[Start of Attachment]
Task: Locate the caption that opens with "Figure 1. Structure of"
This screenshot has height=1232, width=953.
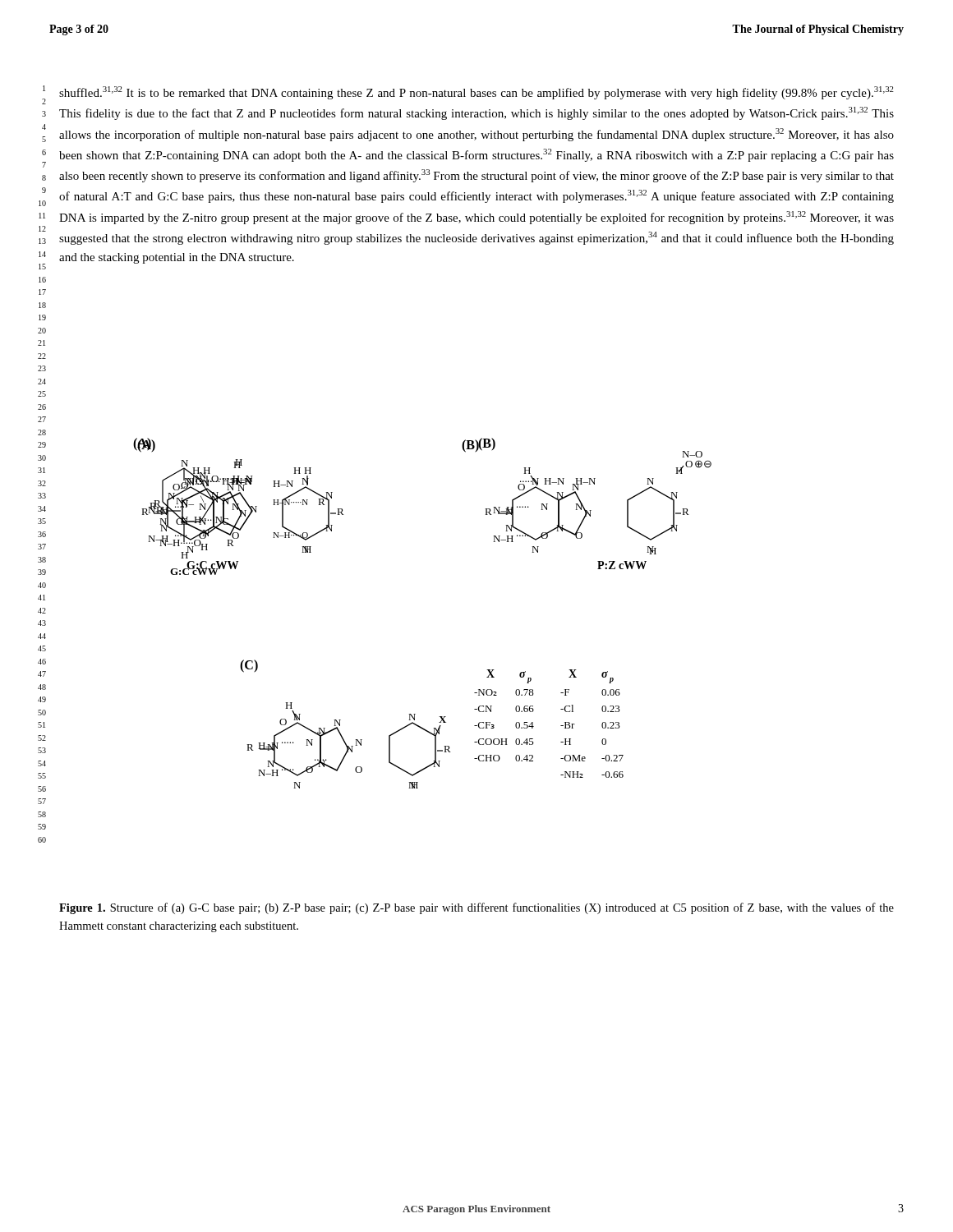Action: pyautogui.click(x=476, y=916)
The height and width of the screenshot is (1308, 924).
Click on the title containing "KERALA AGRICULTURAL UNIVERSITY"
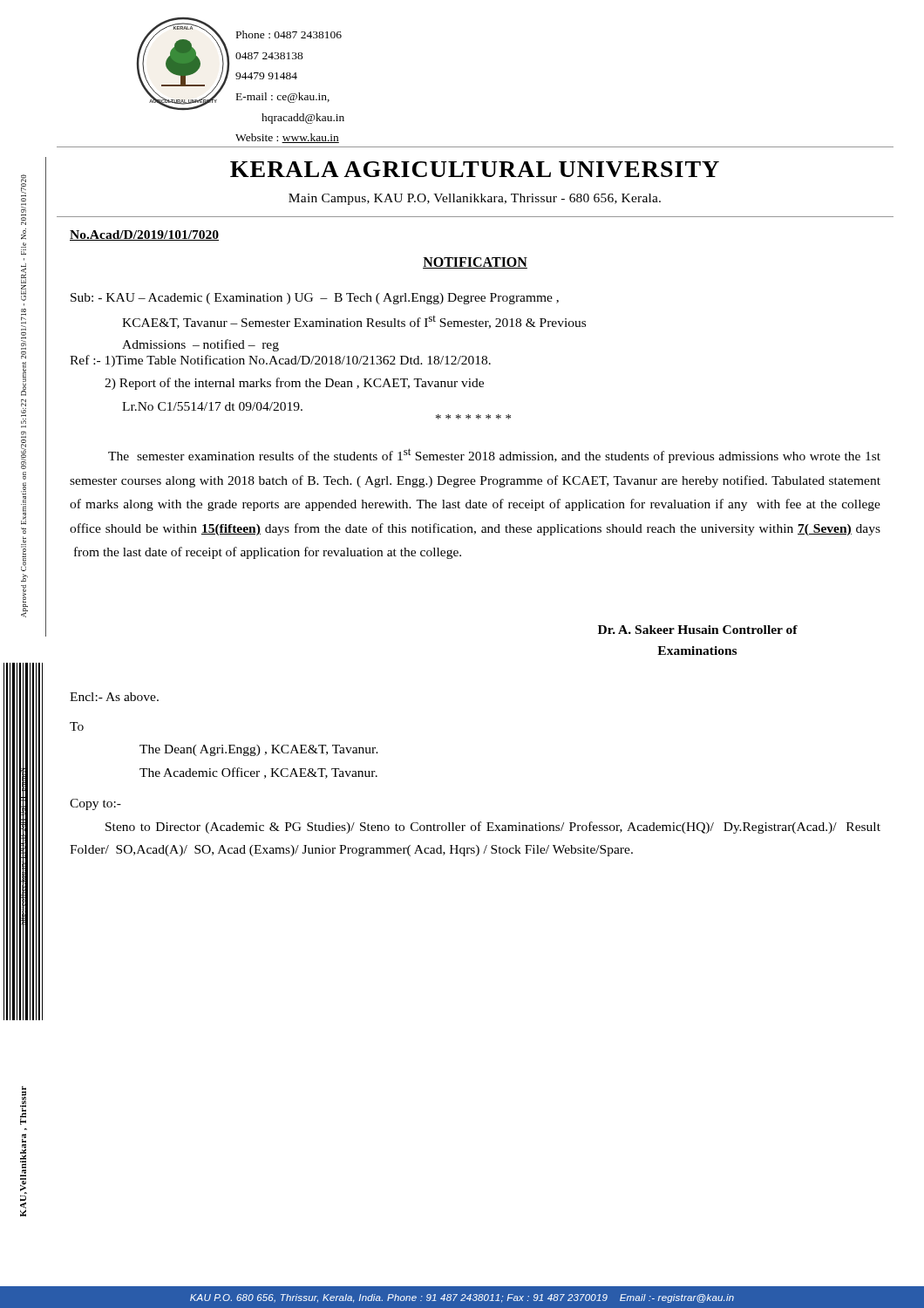(475, 169)
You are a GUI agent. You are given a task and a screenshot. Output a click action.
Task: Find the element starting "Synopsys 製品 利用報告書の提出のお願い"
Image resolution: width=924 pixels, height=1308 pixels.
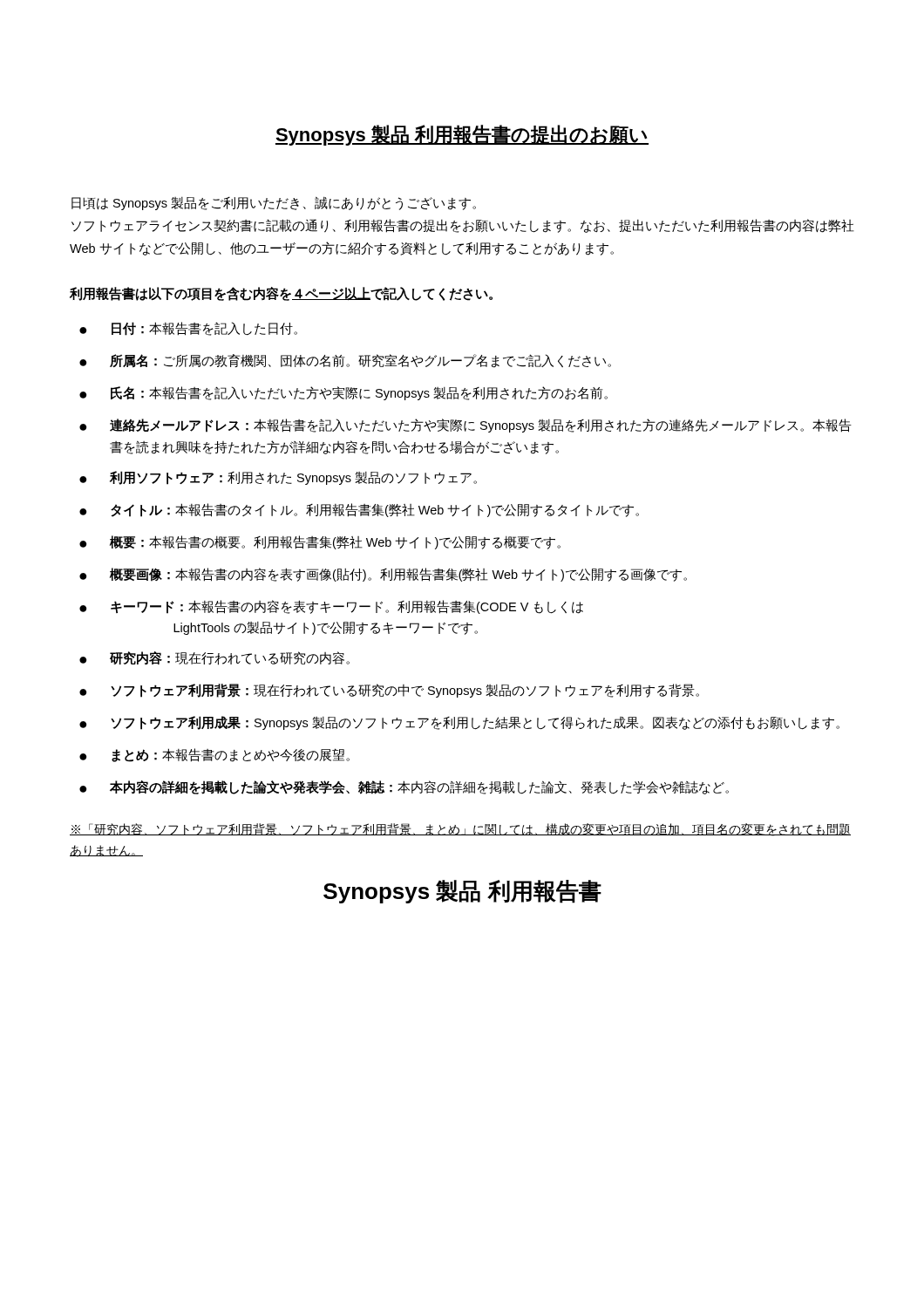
[End of Attachment]
**Work request:** Make an exact copy of the lines from the one holding "Click on the" through the end of the material, both ends included, and keep the pictures out of it.

**Solution:**
Click on the title containing "KERALA AGRICULTURAL UNIVERSITY"
(475, 169)
You are a GUI agent. You are given a task and a screenshot. Output a click action.
Task: Find the element starting "Synopsys 製品 利用報告書の提出のお願い"
Image resolution: width=924 pixels, height=1308 pixels.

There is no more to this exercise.